Nicht die Existenz von Eliten ist das Problem sondern der Zugang
zu ihnen. Das Zugangsrecht kann sich aber nur auf die
Qualifikation berufen, nicht auf eine Ideologie der sozialen
Gerechtigkeit. Kein Segelclub nimmt jemanden aufgrund der
Deklaration der Menschenrechte auf. In unserer Öffentlichkeit
aber haben mittlerweile alle, die vom Segeln nichts verstehen,
mildernde Umstände. Etikettierungen wie „bildungsferne
Schichten“ oder „sozial Schwache“ sind gleichsam homöopathische
Diagnosen der Misere. Georg Picht konnte 1964 noch offen von der
„Bildungskatastrophe“ sprechen.
Wenn aber jedermann meint in den Club zu gehören, muss man auch
die schlichte Frage stellen, ob jeder selbstbewusste Egoträger
auch wirklich zur Führungsposition taugt? Das hieße doch, man
glaubt an Lenins Bonmot von der Köchin, die den Staat lenken
könnte. Dabei war nicht einmal Regine Hildebrandt dazu in der
Lage.
Der Glücksfall besteht eben darin, dass die Menschen nicht
gleich sind, erst aus dem Unterschied ergibt sich die
Produktivität.

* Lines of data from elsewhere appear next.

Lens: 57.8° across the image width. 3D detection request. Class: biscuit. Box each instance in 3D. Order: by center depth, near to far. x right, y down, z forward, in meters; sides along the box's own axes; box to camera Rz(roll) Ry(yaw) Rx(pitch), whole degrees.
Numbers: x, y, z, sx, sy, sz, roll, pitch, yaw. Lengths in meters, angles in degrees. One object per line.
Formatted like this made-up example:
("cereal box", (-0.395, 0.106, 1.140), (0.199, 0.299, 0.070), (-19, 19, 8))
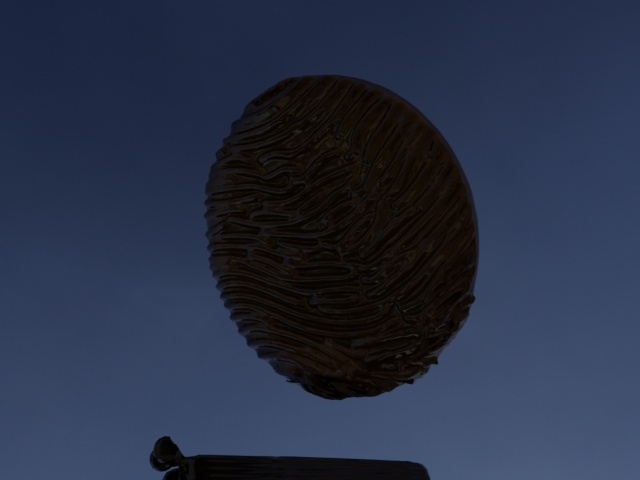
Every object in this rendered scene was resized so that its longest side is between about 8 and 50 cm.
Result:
("biscuit", (0.000, 0.000, 0.564), (0.318, 0.040, 0.318), (6, -79, 34))

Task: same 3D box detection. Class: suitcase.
("suitcase", (-0.044, 0.351, 0.649), (0.335, 0.152, 0.230), (12, -52, -25))

Bildung ist nicht das Auffüllen eines anonymen
Gefäßes, sie verschafft dem Einzelnen nicht mehr und nicht
weniger als die Möglichkeit der Option für das, was seine
Fähigkeiten ihm zugestehen.
Die Chancengleichheit als soziale Frage zu betrachten, heißt
Begabung und Talent zu ignorieren. Ein Schulsystem für alle
garantiert zwar die Grundausbildung fördert aber auch die
Durchschnittlichkeit, den Mainstream, und blockiert die
Kreativität. Das Meiste an Kreativität wird durch die Diktatur
dieses Mainstreams verhindert. Das Fatale besteht darin, dass
die Bildungspolitik der Ideologie des Mainstreams folgt. Wer
wagt es heute noch etwas gegen die Mehrheit zu sagen?
Eine Gesellschaft kann die Gefangene ihrer Ideologien sein oder
die Nutznießerin ihrer Werte. Will man das Letztere, muss man
sich zunächst einmal zu seinen Werten bekennen. Wem es nur ums
Geld geht, dessen Beitrag zum Gemeinwesen und zum allgemeinen
Wohlergehen ist gleich Null, egal ob in der Elite oder in der
Masse, egal ob prominent oder anonym. Es kommt jeweils auf den
Spielraum an, den der Einzelne in dem Augenblick hat, in dem er
seine Begabung zum Ausdruck bringen will.
Das aber geht nur bei einem verbindlichen Arbeitsethos der
Gesamtgesellschaft. Wer auf Umverteilung setzt und auf sonst
nichts, wer die Tugenden missachtet, wird nicht weit kommen. Er
wird zwar immer ein Alibi parat haben. Der Gang der Welt aber
fragt nicht nach dem Alibi sondern nach der Tat.